# Model fitting¶

A lot of chemical analysis relies on our ability to fit a “line of best fit” to some data. For example, considering the determination of the activation energy, $$E_a$$, of some reaction from an Arrhenius relationship,

$k(T) = A \exp{\frac{-E_a}{RT}},$

where, $$k(T)$$ is the rate constant at time $$T$$, $$A$$ is the pre-exponential factor, $$R$$ is the ideal gas constant and $$T$$ is the temperature. Typically when we are performing our analysis, we will rearrange the above equation to give a straight line,

$\ln{k(T)} = \ln{A} - \frac{E_a}{RT}.$

Let’s looks at some experimental data for the decomposition of 2 moles of NO2 to 2 moles of NO and one mole of O2. The data for this is available in this file.

import numpy as np
import matplotlib.pyplot as plt

T, k = np.loadtxt('arrhenius.txt', unpack=True)

plt.plot(T, k, 'o--')
plt.xlabel('Temperature/K')
plt.ylabel('Rate constant/M$^{-1}$s$^{-1}$')
plt.show() Alternatively, we plot this as a straight line.

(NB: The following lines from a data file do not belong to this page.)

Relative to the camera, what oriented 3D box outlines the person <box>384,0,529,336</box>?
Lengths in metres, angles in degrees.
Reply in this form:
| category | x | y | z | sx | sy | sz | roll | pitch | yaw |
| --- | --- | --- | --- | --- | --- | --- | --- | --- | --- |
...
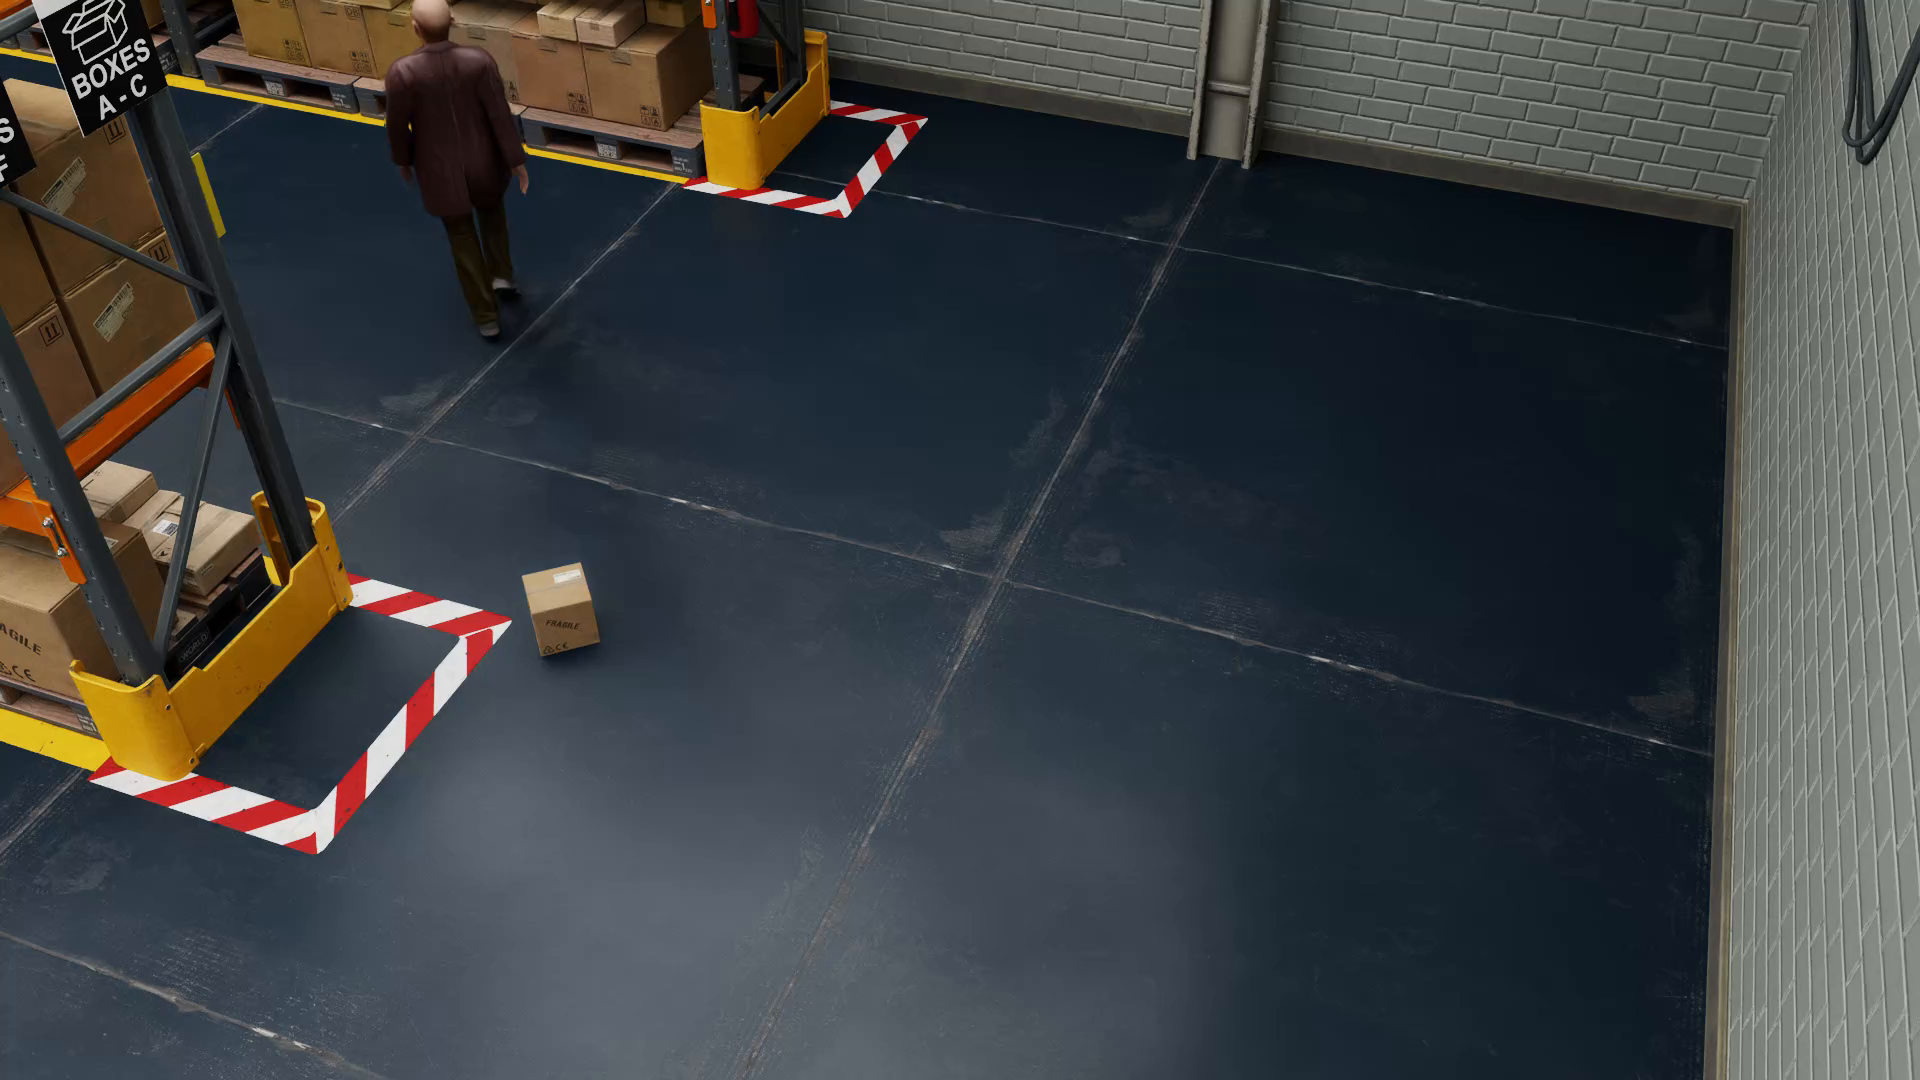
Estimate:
| category | x | y | z | sx | sy | sz | roll | pitch | yaw |
| --- | --- | --- | --- | --- | --- | --- | --- | --- | --- |
| person | -2.521 | -1.885 | 8.373 | 0.623 | 1.850 | 0.656 | -17 | 44 | -18 |

plt.plot(1/T, np.log(k), 'o--')
plt.xlabel('1/Temperature/K')
plt.ylabel('ln(Rate constant/M$^{-1}$s$^{-1}$)')
plt.show() Using Python, we can fit this data in either configuration, either by performing a linear regression or by fitting a line of best fit.

## Linear regression¶

Linear regression is a relatively simple mathematical process, that is implemented in the scipy.stats module.

from scipy.stats import linregress


If we investigate the documentation for the linregress function, we will see that we pass two arrays; x and y. These corresponding exactly to the x and y-axes of the plot above.

result = linregress(1/T, np.log(k))

result

LinregressResult(slope=-13509.355973303444, intercept=15.161037389899018, rvalue=-0.998952302406746, pvalue=4.070235273533486e-05, stderr=357.31270179790863, intercept_stderr=0.5715179164952109)


We can see that the object that is returned contains a couple of pieces of information. The two parts that we are most interested in are the slope and the intercept, which are attributes of the result object and can be obtained as follows.

print(result.slope)

-13509.355973303444

print(result.intercept)

15.161037389899018


Therefore, we can evaluate the activation energy and the pre-exponential factor as follows.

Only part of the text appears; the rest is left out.